Flexible Lyapunov Functions and Applications to Fast Mechatronic Systems

TL;DR

This paper discusses flexible control Lyapunov functions (CLFs) that adaptively optimize stability parameters in real-time, reducing conservativeness and enhancing control of fast, constrained mechatronic systems in aerospace and automotive fields.

Contribution

It introduces a novel flexible CLF framework that allows online optimization of stability parameters, improving control performance for high-speed, constrained systems.

Findings

Flexible CLFs significantly reduce conservativeness compared to classical CLFs.

They enable stabilization of nonlinear systems with sampling periods below one millisecond.

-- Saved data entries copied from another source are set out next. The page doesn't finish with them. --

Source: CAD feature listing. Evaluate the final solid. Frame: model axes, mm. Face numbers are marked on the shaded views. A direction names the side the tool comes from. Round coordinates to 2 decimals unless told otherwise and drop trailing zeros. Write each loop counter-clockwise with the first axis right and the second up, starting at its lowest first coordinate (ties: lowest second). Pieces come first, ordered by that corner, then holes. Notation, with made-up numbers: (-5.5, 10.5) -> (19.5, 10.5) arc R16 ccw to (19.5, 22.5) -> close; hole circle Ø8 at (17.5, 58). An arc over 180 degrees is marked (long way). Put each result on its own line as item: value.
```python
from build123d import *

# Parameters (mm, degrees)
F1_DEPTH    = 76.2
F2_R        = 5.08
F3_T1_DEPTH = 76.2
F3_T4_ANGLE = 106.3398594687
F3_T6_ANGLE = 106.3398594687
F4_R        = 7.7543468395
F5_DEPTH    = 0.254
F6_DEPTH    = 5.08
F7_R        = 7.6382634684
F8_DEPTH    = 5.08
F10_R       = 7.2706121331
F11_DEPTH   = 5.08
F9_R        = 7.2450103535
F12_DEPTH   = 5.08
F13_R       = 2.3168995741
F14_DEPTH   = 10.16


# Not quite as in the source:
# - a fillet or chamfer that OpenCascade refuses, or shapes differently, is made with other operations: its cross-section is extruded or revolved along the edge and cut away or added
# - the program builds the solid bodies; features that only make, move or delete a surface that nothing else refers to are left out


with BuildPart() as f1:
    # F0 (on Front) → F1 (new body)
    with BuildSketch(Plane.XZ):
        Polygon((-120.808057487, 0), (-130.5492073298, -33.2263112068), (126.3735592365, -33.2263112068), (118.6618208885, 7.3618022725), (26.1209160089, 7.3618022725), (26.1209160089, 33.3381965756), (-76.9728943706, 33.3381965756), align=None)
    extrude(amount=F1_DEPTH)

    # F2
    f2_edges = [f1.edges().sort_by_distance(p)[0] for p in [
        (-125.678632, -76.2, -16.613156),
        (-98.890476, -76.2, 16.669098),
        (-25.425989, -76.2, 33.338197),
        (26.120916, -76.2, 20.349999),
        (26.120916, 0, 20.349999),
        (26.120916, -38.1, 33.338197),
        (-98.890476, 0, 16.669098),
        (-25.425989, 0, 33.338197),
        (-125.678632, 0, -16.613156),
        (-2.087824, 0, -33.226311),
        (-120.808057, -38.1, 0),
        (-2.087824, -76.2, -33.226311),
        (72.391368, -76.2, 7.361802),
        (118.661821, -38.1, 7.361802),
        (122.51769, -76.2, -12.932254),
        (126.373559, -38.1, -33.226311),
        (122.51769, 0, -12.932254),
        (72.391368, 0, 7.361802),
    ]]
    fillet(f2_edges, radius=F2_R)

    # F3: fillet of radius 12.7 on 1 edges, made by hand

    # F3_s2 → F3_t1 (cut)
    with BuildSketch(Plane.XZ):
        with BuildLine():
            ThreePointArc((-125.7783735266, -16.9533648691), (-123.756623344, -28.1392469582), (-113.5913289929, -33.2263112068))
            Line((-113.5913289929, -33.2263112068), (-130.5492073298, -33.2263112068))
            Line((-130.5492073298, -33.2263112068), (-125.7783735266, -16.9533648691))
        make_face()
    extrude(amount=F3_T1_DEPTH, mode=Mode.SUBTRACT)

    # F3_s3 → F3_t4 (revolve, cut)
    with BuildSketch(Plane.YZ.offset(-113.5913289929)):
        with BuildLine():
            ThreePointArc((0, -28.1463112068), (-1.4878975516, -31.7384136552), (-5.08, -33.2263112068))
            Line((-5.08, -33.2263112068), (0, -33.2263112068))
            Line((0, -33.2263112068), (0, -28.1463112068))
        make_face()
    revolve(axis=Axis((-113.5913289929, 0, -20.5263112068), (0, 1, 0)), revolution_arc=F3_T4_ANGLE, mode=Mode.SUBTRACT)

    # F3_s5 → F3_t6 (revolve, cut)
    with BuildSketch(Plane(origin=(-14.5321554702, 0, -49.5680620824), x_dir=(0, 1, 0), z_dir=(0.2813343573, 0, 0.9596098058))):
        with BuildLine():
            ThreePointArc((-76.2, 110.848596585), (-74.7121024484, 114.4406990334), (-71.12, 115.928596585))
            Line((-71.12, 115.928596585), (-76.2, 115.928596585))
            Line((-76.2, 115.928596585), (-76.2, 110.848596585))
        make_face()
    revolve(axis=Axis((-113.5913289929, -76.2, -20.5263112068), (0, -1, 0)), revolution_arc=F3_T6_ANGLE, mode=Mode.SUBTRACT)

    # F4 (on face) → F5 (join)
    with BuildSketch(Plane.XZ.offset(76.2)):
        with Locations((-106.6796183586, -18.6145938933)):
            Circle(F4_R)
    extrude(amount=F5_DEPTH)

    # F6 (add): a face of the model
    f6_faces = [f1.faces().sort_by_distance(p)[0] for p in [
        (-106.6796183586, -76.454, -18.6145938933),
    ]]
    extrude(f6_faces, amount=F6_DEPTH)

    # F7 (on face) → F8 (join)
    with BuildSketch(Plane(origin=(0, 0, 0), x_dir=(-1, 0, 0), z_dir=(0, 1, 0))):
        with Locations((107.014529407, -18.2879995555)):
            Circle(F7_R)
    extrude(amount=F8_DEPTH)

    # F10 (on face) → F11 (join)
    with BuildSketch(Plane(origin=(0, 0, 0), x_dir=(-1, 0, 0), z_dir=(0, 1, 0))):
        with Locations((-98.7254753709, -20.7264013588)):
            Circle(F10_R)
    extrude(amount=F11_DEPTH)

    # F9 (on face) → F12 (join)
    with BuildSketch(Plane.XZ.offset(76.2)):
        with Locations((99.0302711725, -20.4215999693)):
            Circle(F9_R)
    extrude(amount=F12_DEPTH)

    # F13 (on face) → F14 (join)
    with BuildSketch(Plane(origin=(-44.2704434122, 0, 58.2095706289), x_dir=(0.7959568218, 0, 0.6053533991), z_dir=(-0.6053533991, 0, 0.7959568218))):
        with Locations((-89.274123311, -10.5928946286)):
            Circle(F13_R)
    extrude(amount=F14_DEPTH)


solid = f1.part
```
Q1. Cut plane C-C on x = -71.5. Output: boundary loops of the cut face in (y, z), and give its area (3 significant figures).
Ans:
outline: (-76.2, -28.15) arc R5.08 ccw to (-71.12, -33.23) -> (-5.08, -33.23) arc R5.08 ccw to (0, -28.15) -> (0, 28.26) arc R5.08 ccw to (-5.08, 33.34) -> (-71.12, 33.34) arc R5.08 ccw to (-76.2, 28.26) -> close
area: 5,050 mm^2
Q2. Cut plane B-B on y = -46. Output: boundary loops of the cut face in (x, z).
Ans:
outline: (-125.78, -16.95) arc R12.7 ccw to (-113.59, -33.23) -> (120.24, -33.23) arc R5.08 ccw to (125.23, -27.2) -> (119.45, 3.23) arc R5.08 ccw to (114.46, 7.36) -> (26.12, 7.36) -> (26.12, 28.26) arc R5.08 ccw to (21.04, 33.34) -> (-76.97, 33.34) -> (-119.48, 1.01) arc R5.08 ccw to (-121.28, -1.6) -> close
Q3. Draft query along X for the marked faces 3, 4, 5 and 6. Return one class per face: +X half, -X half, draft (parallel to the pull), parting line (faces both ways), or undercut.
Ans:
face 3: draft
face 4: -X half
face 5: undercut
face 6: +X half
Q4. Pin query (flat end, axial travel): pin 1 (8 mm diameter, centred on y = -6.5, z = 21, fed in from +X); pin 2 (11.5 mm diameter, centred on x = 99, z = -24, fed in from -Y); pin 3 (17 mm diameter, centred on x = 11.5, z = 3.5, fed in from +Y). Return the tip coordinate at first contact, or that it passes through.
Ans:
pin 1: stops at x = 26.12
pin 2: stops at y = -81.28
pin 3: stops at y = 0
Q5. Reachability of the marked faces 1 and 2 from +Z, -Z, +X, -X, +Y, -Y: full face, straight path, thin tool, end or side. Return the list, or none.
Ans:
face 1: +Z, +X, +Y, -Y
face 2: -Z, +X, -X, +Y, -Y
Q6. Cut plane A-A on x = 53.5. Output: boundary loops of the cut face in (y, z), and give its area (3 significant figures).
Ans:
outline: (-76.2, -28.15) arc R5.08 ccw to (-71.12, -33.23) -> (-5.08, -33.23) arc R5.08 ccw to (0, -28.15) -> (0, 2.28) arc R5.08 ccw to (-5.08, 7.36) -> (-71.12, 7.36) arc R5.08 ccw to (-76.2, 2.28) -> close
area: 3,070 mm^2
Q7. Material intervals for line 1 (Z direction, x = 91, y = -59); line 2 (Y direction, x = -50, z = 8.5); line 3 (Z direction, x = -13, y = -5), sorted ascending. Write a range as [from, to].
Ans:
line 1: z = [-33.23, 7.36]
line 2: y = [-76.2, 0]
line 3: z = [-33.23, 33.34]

Potential applications include aerospace and automotive control systems.

Abstract

The property that every control system should posses is stability, which translates into safety in real-life applications. A central tool in systems theory for synthesizing control laws that achieve stability are control Lyapunov functions (CLFs). Classically, a CLF enforces that the resulting closed-loop state trajectory is contained within a cone with a fixed, predefined shape, and which is centered at and converges to a desired converging point. However, such a requirement often proves to be overconservative, which is why most of the real-time controllers do not have a stability guarantee. Recently, a novel idea that improves the design of CLFs in terms of flexibility was proposed. The focus of this new approach is on the design of optimization problems that allow certain parameters that define a cone associated with a standard CLF to be decision variables. In this way non-monotonicity of the CLF is explicitly linked with a decision variable that can be optimized on-line. Conservativeness is significantly reduced compared to classical CLFs, which makes \emph{flexible CLFs} more suitable for stabilization of constrained discrete-time nonlinear systems and real-time control. The purpose of this overview is to highlight the potential of flexible CLFs for real-time control of fast mechatronic systems, with sampling periods below one millisecond, which are widely employed in aerospace and automotive applications.